Y por que lo que respecta al efecto que sobre la bibliografía tiene la división en dos asignaturas de nuestro programa docente, nuestra opción es ésta: Mantener el mismo listado bibliográfico en ambas asignaturas, pero aconsejando lecturas diferentes. En la asignatura de Antropología filosófica I pediremos leer, de la “bibliografía general básica”, sólo el Acerca del Alma aristotélico, y de la “bibliografía guía del argumento del curso”, instaremos al estudiante a leer el mencionado ensayo de Elena Ronzón. En la asignatura de Antropología filosófica II pediremos leer, de la “bibliografía general básica”, El puesto del hombre en el cosmos de Scheler, y animaremos a leer, de la “bibliografía guía del argumento del curso”, los trabajos nuestros líneas arriba mencionados.
6.— Organización y contenidos de las clases “prácticas”
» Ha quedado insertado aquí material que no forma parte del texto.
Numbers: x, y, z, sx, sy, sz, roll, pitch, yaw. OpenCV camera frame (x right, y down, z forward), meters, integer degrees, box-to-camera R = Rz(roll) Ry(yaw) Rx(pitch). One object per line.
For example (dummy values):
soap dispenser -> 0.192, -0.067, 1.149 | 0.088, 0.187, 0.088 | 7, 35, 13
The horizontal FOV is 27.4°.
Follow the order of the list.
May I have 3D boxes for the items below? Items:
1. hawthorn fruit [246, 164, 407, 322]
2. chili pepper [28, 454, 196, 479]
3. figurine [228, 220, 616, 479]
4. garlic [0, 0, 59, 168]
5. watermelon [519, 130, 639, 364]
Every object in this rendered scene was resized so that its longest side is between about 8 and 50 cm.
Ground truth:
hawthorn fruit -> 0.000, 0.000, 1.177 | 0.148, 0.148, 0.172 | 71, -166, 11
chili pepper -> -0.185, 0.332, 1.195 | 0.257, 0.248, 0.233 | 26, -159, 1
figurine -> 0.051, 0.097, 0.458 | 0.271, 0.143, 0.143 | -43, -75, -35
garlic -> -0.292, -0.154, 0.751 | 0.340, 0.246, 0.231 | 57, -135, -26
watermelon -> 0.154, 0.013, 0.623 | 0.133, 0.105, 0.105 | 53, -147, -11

Por las razones expuestas en el primer apartado de este “Proyecto”, nosotros tomamos las clases “prácticas” como ocasión para seleccionar algún texto indiscutiblemente clásico y especialmente representativo de algún contenido nuclear del curso y proceder a un comentario y discusión más detenidos de dicho texto, sobre todo con la vista puesta en establecer su conexión con el conjunto de los problemas y del argumento del curso.
Hasta la entrada en vigor de las nuevas directrices boloñesas, y por tanto mientras la asignatura anual de Antropología constaba de un curso “teórico” de ocho créditos y de unas clases prácticas de tres créditos, elegíamos el ensayo de Max Scheler El puesto del hombre en el cosmos como texto para las clases “prácticas”. Pero como quiera que a partir de ahora —del presente curso 2010-2011 en adelante— cada una de las dos nuevas asignaturas resultantes de la fragmentación de la anterior, Antropología filosófica I y Antropología filosófica II, deberán ir acompañadas de sus correspondientes cursos de clases “prácticas”, tomaremos como acompañamiento “práctico” de la primera de estas asignaturas el tratado aristotélico Acerca del Alma y de la segunda el anteriormente mencionado ensayo de Scheler.
Así pues, presentamos aquí los índices y las bibliografías, y los correspondientes comentarios y justificaciones de cada uno de estos dos cursos “prácticos”.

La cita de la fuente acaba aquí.